KEW – gardens

KEW 2016’s action-packed schedule continued yesterday with an off-campus trip to the Library and Archives at the Royal Botanic Garden. Not wanting to miss the opportunity to find out more about the collections – which include the intriguing category, ‘Living Collections’ – I went along for the ride.

We were introduced to the Library by Head of Library Services, Lorna Mitchell, who explained some of the 400 year history of the Garden and described the variety of collections that the Library and Archives house. The Library has recently reached 10% in their programme to digitise collections, while continuing to provide over 70,000 monographs and hundreds of thousands of journals to users. Lorna showed us some of the Library’s rare and unique collections, including a letter from Charles Darwin and beautifully detailed plant drawings by Lilian Snelling, who drew at the Botanics for five years in the early 20th century.


A quick tour around the Glasshouses, by the Living Collections Curator, was a real highlight, and covered topics about the conditions needed to house the vast array of plants, from all corners of the globe, in the collections.


We were also shown around the Herbarium by Dr David Harris. The Herbarium began as a Victorian exercise in categorisation and collecting, which continued with the increasing professionalisation of the sciences. Here, we looked at flowers preserved through drying and pressing in the late nineteenth century, which we learned (to much surprise!) are sent out on loan to other institutions and are encouraged to be annotated. With permission, and after careful consideration, some scientists are even allowed to use a piece of the specimen for experimental purposes: following rehydration in boiling water, a plant will take back its original form (but not colour). However, this contrasts with present day collections policy, which dictates that plant samples are preserved through a similar manner of drying and pressing, but also photographed and GPS-tracked. To our relief, additional samples are also collected purely for the purpose of scientific experiments: no more trimming off pieces of the collections!

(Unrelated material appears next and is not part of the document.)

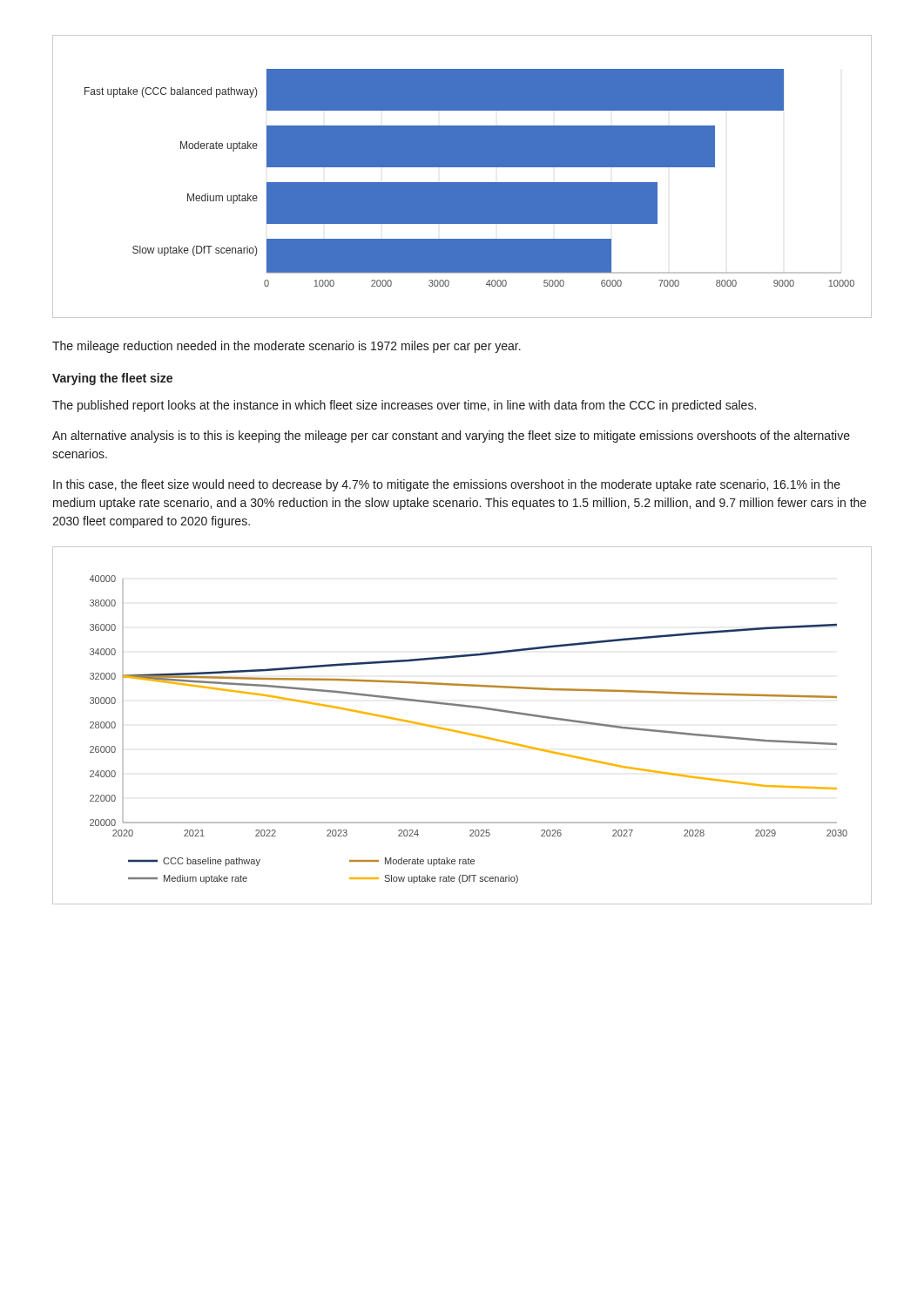Viewport: 924px width, 1307px height.
Task: Find the text block that reads "In this case, the fleet size"
Action: (462, 503)
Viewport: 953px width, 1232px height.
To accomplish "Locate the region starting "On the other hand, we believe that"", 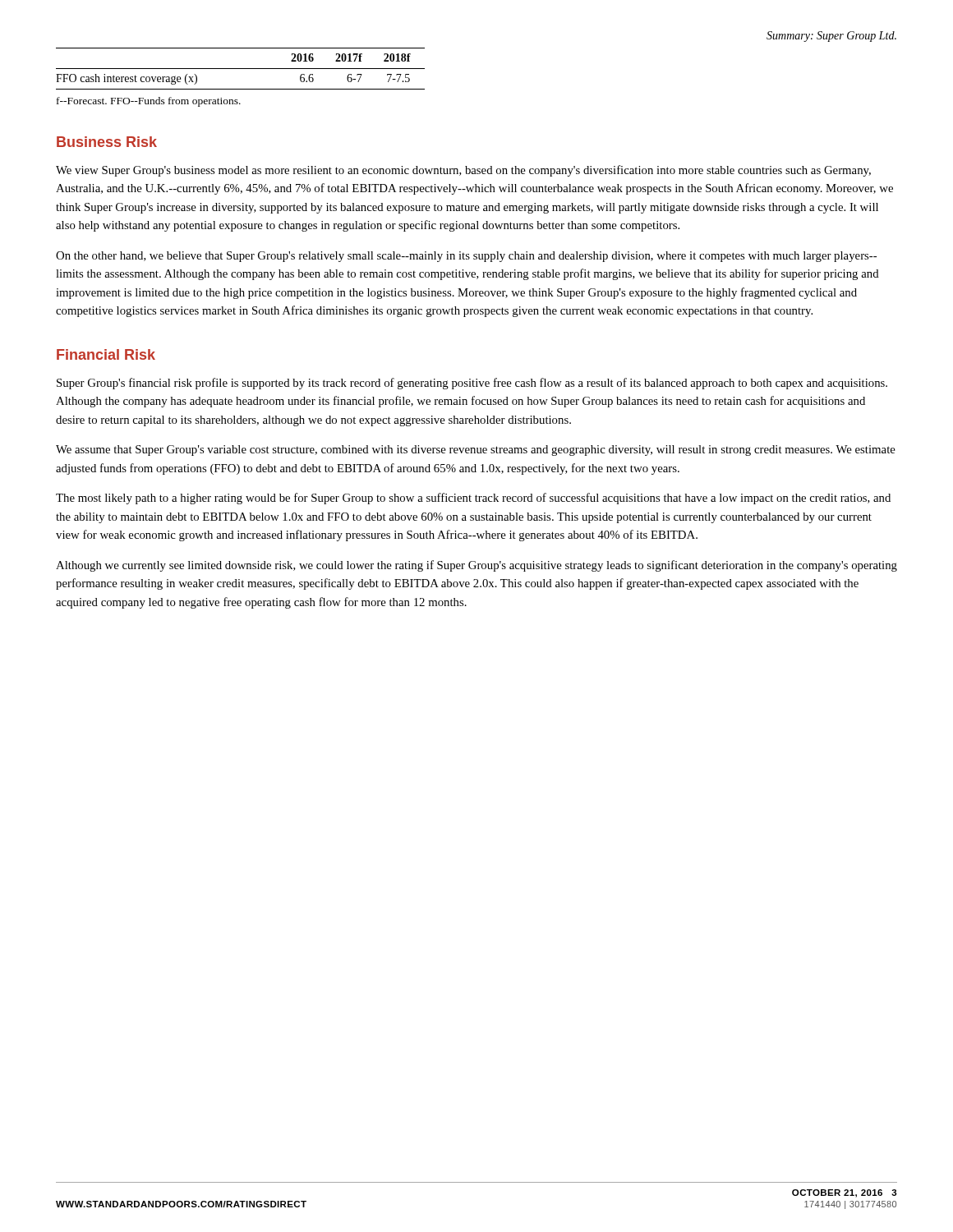I will pyautogui.click(x=467, y=283).
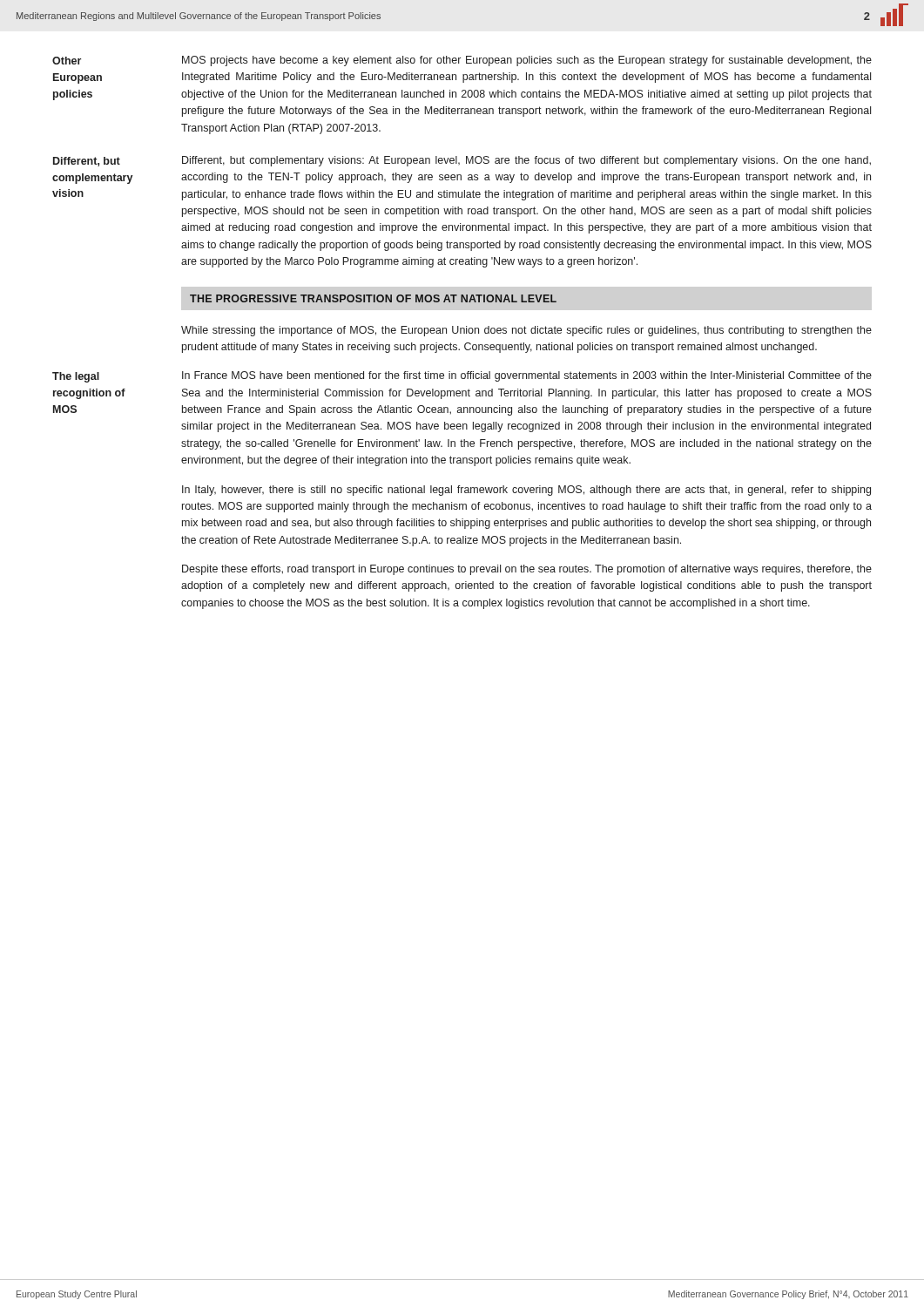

There’s some fascinating work underway at the Botanics, and it was brilliant to see collections from a very different perspective, and facing unique challenges: how do you categorise a plant that isn’t recognisable? How do you keep track of plants as they evolve – can we simply distinguish between ‘living’ and ‘dead’ plant collections? And how can we best preserve these collections for future use – be this practical or theoretical? We had a great afternoon pondering the significance of these, and many more questions besides – many thanks to the Botanics for taking the time to talk to us about their work.